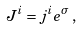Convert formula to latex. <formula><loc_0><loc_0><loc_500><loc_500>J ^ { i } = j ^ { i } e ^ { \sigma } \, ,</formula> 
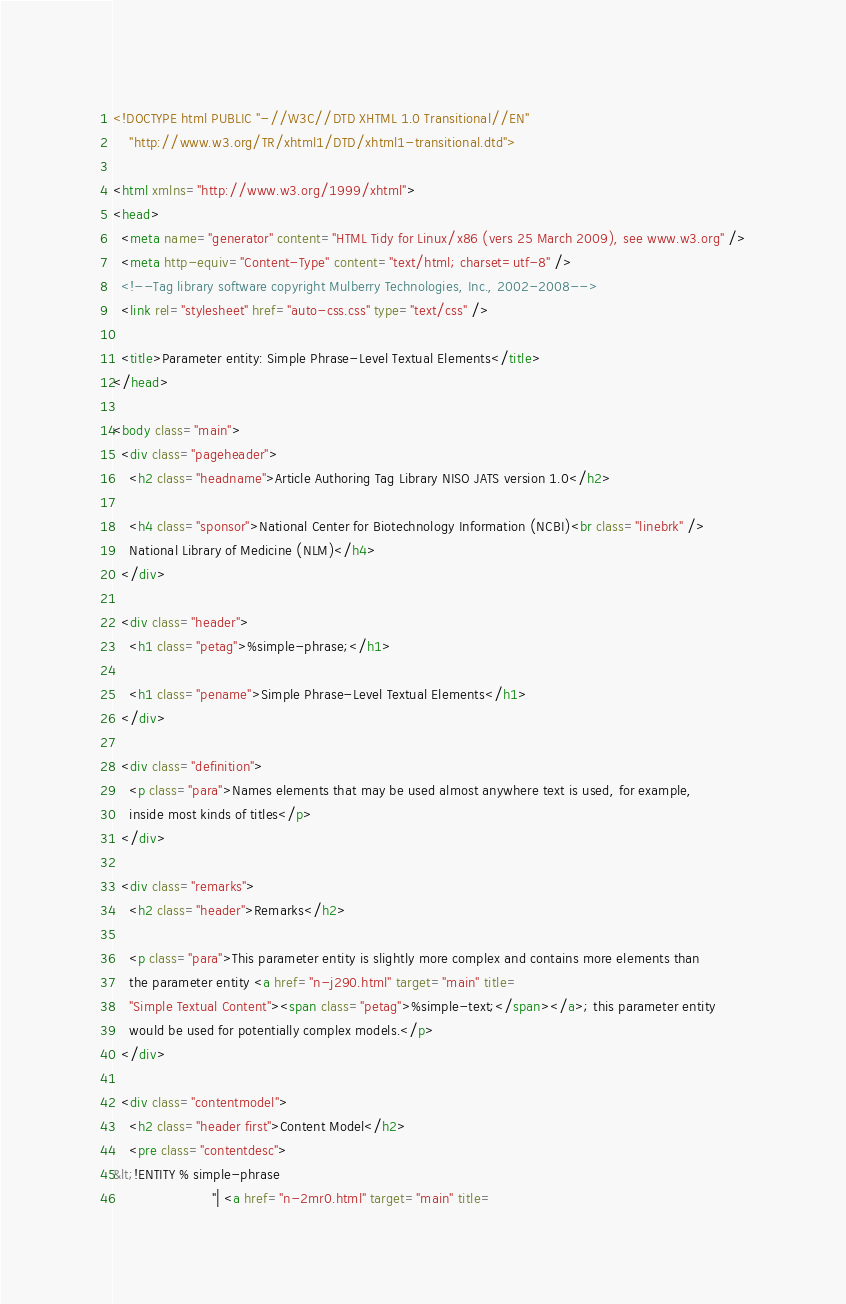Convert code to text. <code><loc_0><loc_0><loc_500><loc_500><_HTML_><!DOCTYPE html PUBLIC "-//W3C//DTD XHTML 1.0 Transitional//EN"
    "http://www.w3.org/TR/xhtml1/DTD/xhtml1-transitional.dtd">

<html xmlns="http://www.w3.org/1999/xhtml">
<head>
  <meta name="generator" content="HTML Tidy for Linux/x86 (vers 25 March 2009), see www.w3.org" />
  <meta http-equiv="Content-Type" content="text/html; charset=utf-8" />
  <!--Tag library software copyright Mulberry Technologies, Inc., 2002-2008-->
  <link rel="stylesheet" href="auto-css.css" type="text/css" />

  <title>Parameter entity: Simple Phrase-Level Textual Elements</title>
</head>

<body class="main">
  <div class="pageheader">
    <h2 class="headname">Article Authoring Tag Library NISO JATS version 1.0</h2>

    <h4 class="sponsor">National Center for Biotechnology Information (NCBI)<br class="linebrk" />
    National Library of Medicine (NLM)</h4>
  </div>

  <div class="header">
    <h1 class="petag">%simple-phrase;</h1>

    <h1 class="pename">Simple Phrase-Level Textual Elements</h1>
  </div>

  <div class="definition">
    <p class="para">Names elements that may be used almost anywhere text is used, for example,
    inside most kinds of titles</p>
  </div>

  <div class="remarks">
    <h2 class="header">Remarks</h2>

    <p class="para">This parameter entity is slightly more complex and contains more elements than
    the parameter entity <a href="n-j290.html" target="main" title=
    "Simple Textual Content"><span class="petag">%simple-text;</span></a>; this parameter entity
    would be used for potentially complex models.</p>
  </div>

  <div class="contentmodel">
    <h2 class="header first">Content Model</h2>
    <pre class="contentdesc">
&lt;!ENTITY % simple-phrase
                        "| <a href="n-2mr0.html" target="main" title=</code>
* * *
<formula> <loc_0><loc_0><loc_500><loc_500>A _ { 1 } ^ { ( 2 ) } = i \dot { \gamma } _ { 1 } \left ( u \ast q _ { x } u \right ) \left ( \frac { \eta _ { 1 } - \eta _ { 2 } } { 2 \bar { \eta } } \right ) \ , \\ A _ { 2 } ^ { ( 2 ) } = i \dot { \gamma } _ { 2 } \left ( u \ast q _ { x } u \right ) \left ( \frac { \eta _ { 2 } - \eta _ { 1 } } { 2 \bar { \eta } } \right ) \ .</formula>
--
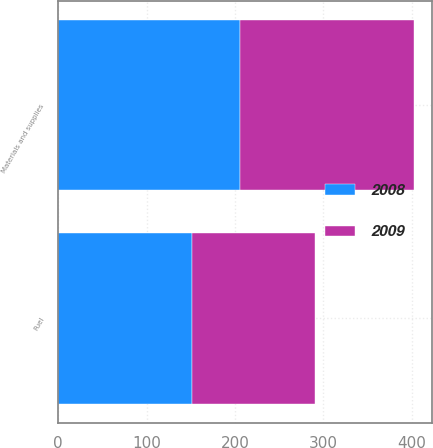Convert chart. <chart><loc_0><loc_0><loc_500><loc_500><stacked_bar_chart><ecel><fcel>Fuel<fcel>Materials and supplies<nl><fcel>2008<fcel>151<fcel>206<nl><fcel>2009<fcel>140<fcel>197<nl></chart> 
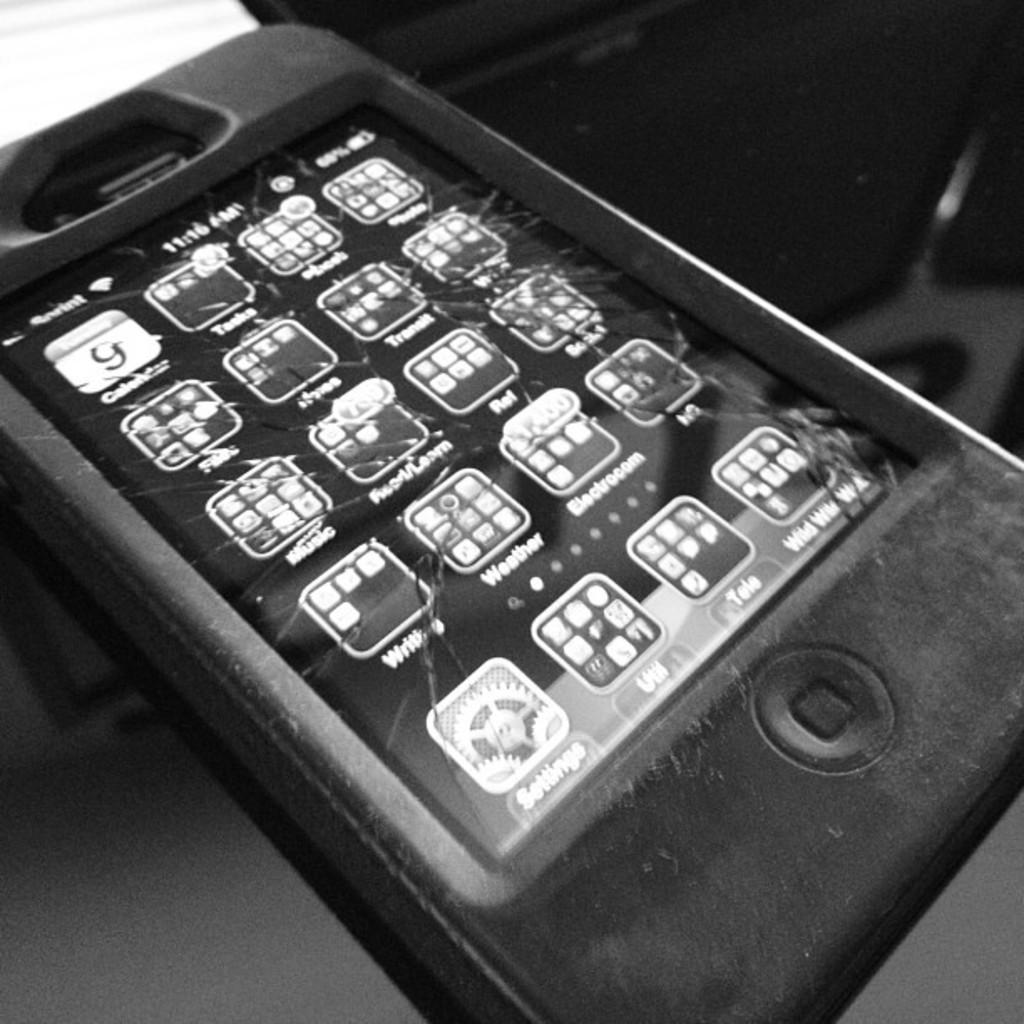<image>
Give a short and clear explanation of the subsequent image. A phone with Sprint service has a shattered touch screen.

• **WHAT TO WORK ON**
A single number is expected: how many lines in the records contain the string "complex".

• **ANSWER SPACE**
2